Key Words: behavior, neuroscience, genetics, neural circuits, individual variation, physiology, evolution
Research Tools: Drosophila (different species), gene editing, optogenetics, live calcium imaging, expansion microscopy, behavioral analysis, electrophysiology
Broader Impact: learning about the neural basis of behavior and understanding the evolution of brain structure and behavior
Favorite thing about being an Aggie: the people!
Research Interest: The Lillvis Lab is dedicated to understanding the genetic and neurobiological determinants of behavior variation across individuals and species. It is well known that individuals within the same species and across different species can react in distinct ways to identical stimuli, but we know very little about where this behavior variation comes from in the nervous system. The Lillvis Lab uses cutting-edge research tools to identify variations in genetics and neurobiology that are linked to behavior variability between individuals and closely related species. Specifically, they leverage the powerful experimental toolkit available in Drosophila melanogaster to learn how variations in the structure, physiology, and function of neural networks give rise to variations in courtship song behaviors.
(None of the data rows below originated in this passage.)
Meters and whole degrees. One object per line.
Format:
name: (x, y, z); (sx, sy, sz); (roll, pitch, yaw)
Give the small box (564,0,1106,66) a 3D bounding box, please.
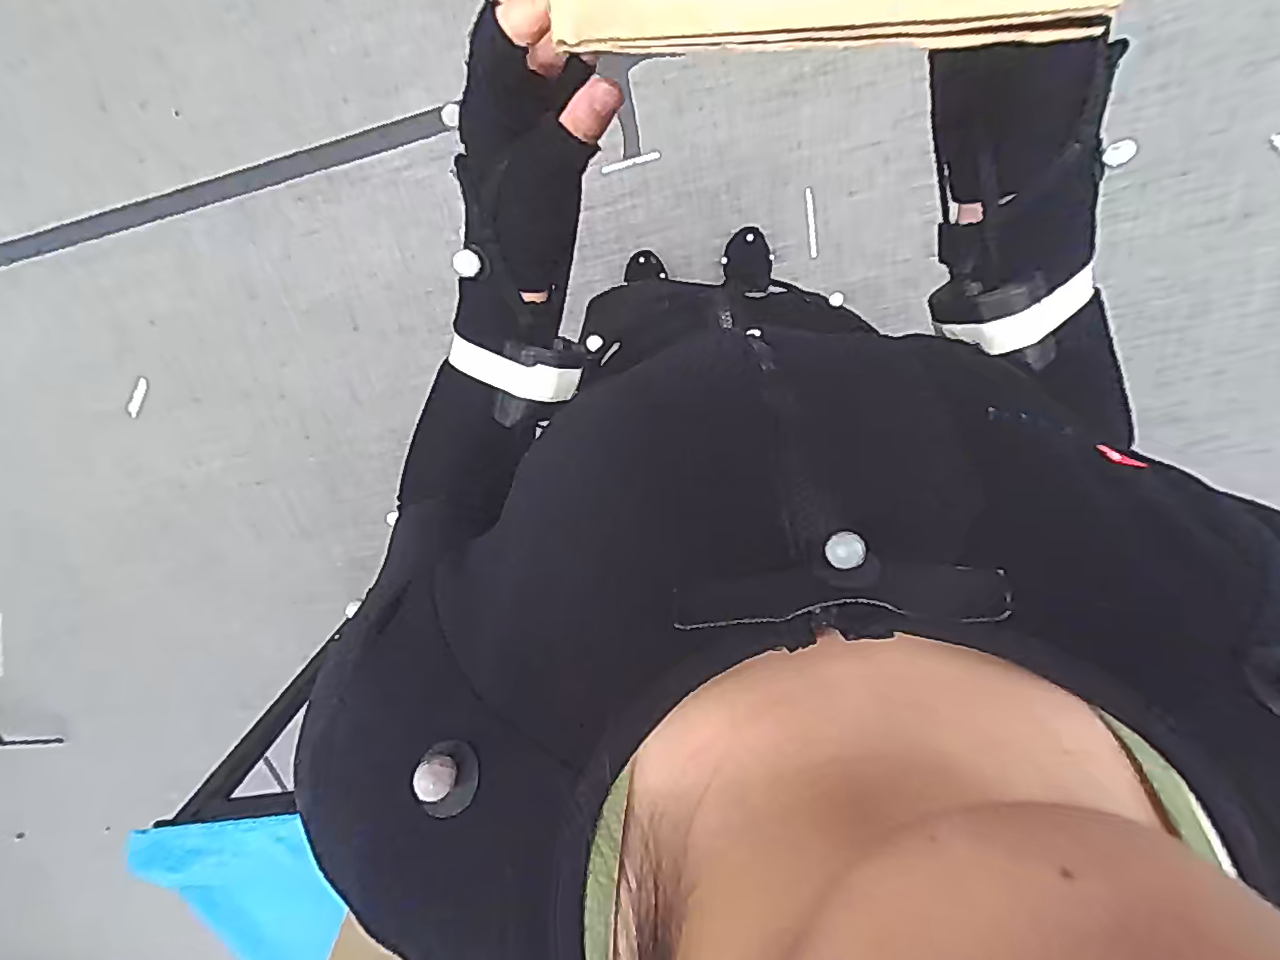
small box: (0.054, -0.255, 0.177); (0.179, 0.168, 0.176); (-3, 131, 1)
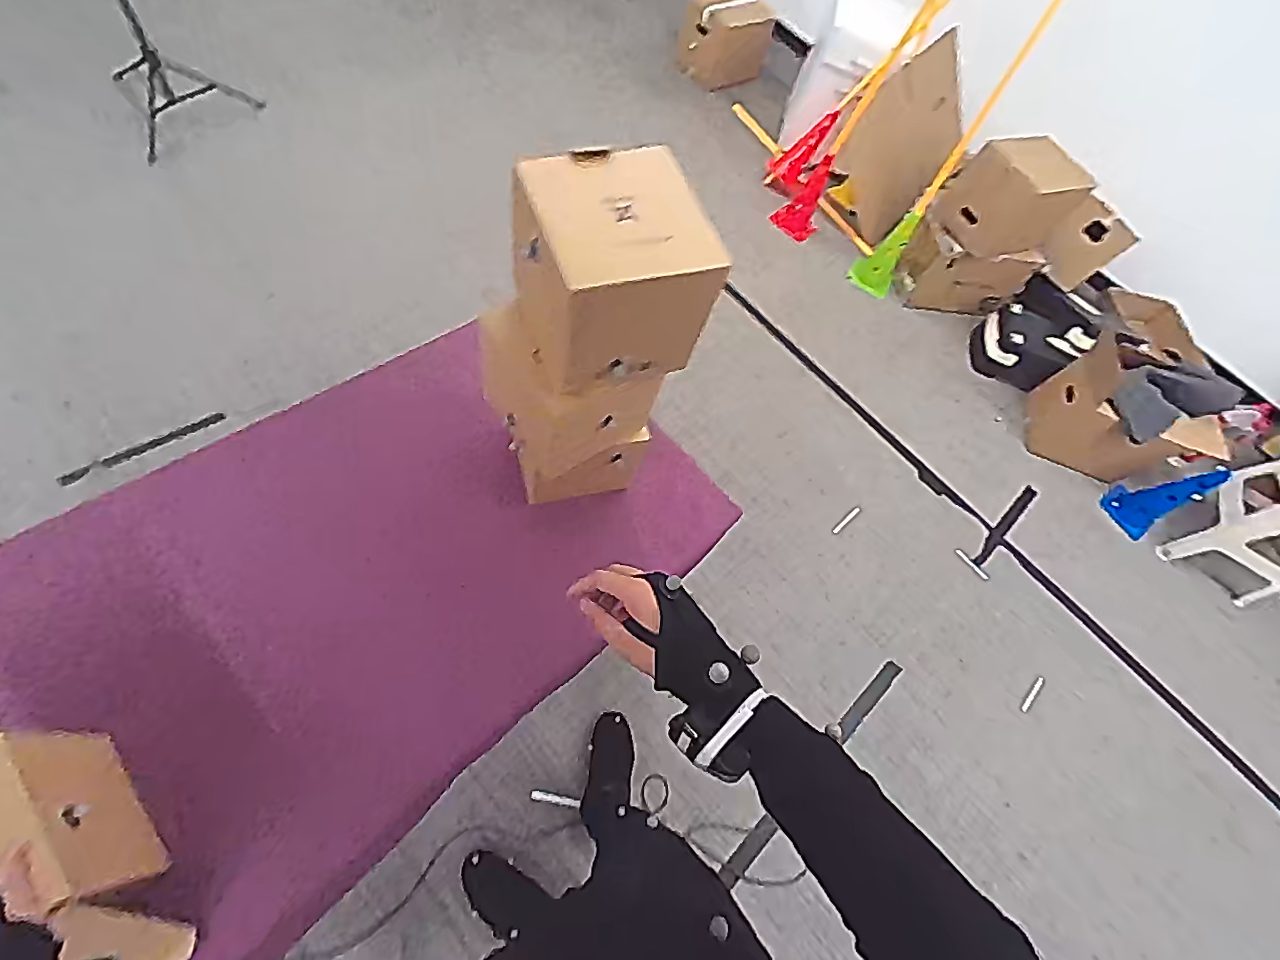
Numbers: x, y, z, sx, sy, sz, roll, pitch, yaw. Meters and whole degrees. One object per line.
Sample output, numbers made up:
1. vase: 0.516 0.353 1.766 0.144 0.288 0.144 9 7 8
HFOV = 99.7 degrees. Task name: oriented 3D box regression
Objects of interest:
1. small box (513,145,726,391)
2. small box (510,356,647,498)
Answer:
1. small box: -0.037 -0.225 0.587 0.168 0.176 0.179 -16 70 -18
2. small box: -0.109 -0.087 0.876 0.179 0.176 0.168 -10 67 -18
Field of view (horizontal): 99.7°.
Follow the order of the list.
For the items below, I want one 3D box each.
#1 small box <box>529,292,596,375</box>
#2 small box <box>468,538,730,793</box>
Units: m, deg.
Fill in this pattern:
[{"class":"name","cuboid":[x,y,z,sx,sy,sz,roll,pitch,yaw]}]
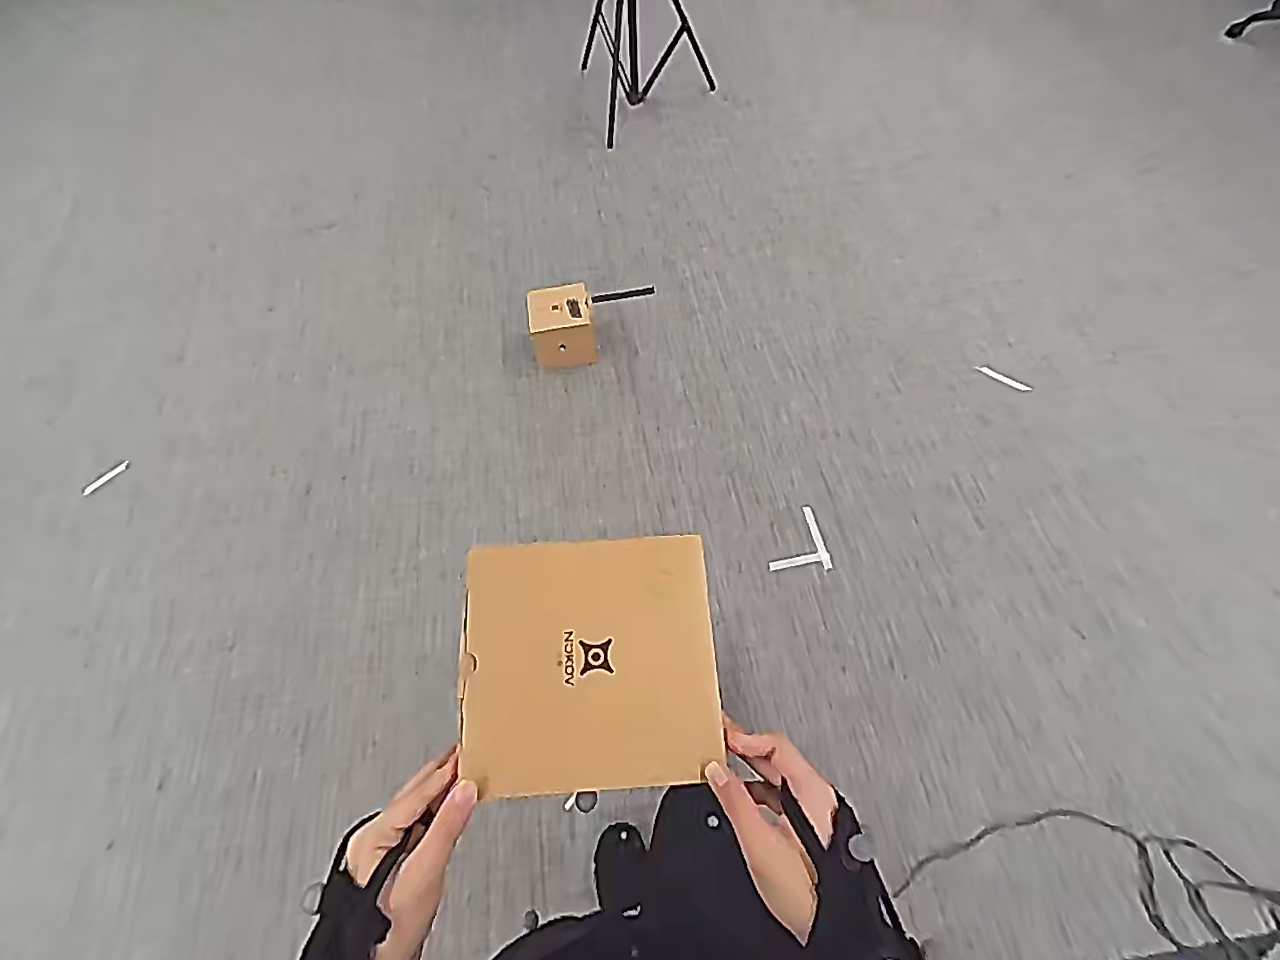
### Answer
[{"class":"small box","cuboid":[-0.231,-0.440,1.642,0.179,0.176,0.168,-9,63,-1]},{"class":"small box","cuboid":[-0.032,0.151,0.457,0.179,0.176,0.168,-4,69,-1]}]
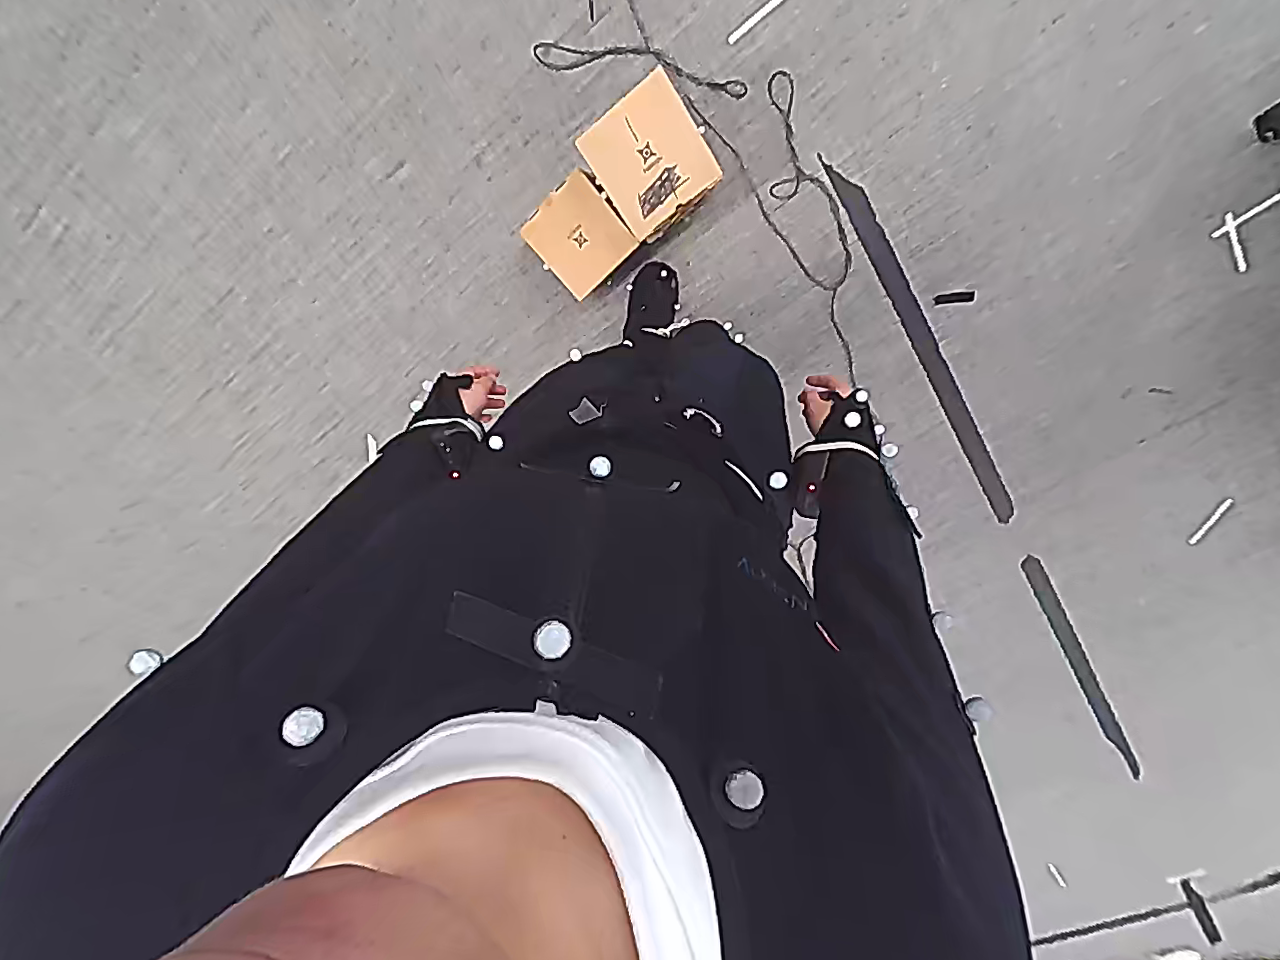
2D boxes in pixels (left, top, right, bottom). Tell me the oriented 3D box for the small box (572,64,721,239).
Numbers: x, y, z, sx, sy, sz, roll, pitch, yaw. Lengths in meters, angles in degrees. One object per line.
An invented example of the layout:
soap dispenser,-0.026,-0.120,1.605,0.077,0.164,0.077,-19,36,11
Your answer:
small box,0.016,-0.527,0.892,0.168,0.176,0.179,-32,109,16
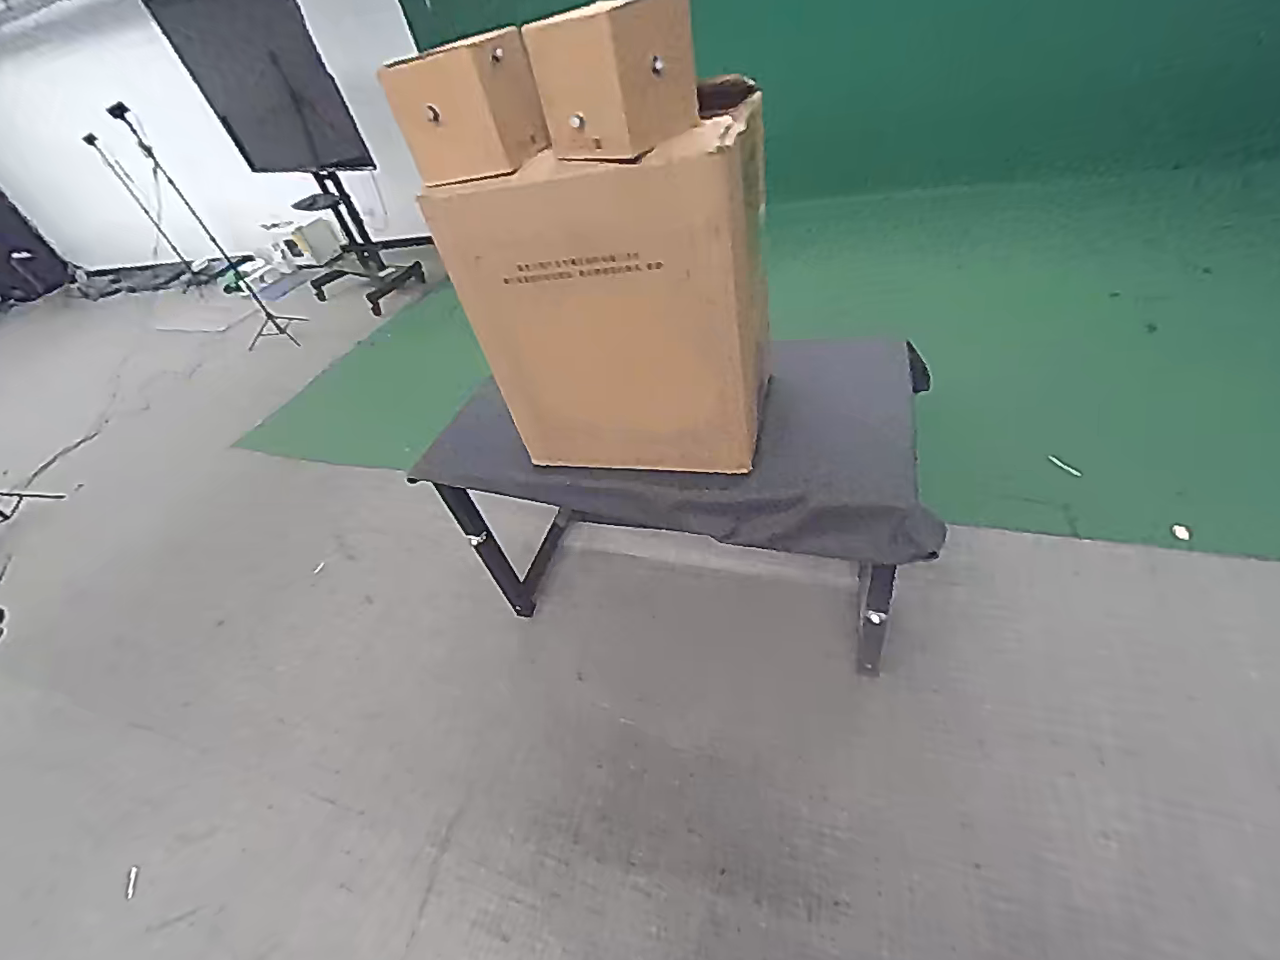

Because the principles of nervous systems are largely conserved between flies and humans, the Lillvis Lab’s research will teach us more about what it means to be human and why we are the way we are (the “neural basis of behavior”).
If you see these new faculty members around, be sure to say howdy! These labs are all actively recruiting new lab members, so check out their research and consider getting involved in their work at the ground floor.